Task → Identify every line in the records below that contains the word "object", and reproduce each one.

Dataset content →

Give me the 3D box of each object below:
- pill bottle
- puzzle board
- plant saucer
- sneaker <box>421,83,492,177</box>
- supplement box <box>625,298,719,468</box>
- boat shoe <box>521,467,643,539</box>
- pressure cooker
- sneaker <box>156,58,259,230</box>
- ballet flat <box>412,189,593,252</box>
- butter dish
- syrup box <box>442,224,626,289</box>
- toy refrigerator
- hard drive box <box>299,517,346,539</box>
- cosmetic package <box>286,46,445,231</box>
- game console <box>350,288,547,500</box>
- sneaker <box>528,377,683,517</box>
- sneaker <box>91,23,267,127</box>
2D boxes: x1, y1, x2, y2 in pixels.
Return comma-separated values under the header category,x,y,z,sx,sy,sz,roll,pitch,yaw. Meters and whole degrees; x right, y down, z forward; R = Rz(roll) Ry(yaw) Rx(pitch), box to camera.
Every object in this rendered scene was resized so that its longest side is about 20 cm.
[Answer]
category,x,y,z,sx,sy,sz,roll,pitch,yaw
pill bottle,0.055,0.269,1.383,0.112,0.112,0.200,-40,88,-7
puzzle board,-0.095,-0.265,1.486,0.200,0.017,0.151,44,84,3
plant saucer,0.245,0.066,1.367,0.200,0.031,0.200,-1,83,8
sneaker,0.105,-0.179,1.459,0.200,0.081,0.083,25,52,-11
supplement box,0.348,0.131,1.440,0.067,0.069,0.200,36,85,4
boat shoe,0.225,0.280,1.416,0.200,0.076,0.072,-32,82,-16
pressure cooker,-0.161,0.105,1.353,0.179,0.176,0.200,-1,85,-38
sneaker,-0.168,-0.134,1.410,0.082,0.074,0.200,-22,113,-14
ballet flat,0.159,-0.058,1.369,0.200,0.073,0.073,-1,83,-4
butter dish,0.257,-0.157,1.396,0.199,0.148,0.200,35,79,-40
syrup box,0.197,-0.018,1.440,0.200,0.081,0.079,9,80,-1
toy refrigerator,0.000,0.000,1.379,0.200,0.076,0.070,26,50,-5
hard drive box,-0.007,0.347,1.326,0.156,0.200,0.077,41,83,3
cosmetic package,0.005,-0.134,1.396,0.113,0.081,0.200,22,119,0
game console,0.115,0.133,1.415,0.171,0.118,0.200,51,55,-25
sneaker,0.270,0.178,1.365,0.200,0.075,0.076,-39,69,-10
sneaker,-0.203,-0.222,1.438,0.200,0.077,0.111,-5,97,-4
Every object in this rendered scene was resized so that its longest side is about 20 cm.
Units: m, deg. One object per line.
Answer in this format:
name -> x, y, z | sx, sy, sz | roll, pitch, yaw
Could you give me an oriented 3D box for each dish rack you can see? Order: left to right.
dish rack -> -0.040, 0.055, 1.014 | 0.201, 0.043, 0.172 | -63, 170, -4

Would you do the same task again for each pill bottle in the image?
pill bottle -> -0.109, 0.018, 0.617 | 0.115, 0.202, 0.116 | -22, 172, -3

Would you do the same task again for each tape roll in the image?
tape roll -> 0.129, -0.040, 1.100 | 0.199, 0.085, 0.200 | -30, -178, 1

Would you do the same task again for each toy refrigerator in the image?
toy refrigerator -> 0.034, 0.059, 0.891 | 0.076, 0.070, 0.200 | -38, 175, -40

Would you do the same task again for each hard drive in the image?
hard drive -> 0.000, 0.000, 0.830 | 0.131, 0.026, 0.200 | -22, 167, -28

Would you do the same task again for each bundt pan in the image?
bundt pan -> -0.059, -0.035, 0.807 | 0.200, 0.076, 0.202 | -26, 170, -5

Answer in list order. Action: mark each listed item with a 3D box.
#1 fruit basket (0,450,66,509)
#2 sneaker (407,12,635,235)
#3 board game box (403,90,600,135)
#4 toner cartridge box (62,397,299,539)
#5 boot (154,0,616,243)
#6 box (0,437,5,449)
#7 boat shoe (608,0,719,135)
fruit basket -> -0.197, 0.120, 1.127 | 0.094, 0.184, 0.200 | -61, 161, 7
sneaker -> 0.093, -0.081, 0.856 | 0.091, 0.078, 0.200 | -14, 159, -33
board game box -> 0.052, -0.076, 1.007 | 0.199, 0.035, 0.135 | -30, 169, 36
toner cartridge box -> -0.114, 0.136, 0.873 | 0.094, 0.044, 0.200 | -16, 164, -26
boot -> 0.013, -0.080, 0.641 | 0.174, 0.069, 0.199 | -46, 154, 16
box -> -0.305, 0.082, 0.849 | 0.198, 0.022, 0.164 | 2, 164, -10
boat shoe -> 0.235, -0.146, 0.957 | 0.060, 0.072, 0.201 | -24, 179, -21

Output of the exercise →
Give me the 3D box of each object below:
Every object in this rendered scene was resized so that its longest side is about 20 cm.
Every object in this rendered scene was resized so that its longest side is about 20 cm.
Units: m, deg. One object per line.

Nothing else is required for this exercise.